◆ **WHAT YOU NEED TO DO**: Take the line containing "I'm after the" as the first and the last line of the records below as the end, and please set down only what lies between them exactly, both ends included.

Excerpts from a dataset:
<<<<
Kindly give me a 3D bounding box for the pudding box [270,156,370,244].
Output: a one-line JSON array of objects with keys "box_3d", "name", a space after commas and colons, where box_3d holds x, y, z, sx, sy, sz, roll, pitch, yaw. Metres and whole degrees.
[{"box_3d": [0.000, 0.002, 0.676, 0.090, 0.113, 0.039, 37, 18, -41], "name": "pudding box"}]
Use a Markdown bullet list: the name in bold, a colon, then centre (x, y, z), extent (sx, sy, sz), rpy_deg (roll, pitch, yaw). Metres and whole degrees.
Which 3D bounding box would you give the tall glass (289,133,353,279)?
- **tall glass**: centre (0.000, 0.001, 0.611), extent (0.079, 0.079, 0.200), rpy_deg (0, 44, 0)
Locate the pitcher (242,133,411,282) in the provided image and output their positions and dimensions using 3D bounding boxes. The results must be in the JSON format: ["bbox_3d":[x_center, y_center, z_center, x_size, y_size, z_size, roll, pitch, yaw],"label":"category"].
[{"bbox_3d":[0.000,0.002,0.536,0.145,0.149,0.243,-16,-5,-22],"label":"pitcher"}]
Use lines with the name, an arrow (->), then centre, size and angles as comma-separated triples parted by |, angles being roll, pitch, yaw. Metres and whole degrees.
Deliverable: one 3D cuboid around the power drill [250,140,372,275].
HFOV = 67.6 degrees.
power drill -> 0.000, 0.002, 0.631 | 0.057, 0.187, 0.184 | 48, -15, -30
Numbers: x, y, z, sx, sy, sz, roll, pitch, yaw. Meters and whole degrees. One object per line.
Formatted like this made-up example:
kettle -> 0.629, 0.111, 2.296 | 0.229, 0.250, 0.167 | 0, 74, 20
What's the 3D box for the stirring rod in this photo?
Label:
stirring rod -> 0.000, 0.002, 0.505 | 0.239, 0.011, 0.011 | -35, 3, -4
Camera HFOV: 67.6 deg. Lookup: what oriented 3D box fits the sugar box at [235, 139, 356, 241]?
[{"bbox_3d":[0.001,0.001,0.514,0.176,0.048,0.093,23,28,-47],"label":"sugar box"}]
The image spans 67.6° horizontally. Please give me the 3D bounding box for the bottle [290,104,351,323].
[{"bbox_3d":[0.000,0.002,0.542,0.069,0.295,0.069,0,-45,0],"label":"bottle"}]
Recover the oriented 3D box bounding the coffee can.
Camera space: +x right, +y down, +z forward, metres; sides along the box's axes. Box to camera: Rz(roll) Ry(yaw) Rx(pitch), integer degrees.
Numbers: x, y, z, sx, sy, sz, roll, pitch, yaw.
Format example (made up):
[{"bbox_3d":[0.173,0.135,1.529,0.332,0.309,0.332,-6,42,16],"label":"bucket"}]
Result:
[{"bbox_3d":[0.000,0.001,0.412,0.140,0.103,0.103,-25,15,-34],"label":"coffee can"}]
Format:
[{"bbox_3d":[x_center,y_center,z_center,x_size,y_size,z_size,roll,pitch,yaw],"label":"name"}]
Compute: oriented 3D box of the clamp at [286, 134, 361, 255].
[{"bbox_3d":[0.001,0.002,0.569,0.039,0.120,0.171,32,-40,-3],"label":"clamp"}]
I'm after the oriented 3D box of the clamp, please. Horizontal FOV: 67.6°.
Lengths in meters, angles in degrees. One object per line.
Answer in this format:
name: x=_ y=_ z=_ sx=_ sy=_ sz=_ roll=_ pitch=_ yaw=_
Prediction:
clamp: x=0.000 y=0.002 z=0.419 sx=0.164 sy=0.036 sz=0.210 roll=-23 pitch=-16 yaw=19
>>>>
◆ **SOLVED EXERCISE**:
I'm after the oriented 3D box of the clamp, please. Horizontal FOV: 67.6°.
Lengths in meters, angles in degrees. One object per line.
Answer in this format:
name: x=_ y=_ z=_ sx=_ sy=_ sz=_ roll=_ pitch=_ yaw=_
Prediction:
clamp: x=0.000 y=0.002 z=0.419 sx=0.164 sy=0.036 sz=0.210 roll=-23 pitch=-16 yaw=19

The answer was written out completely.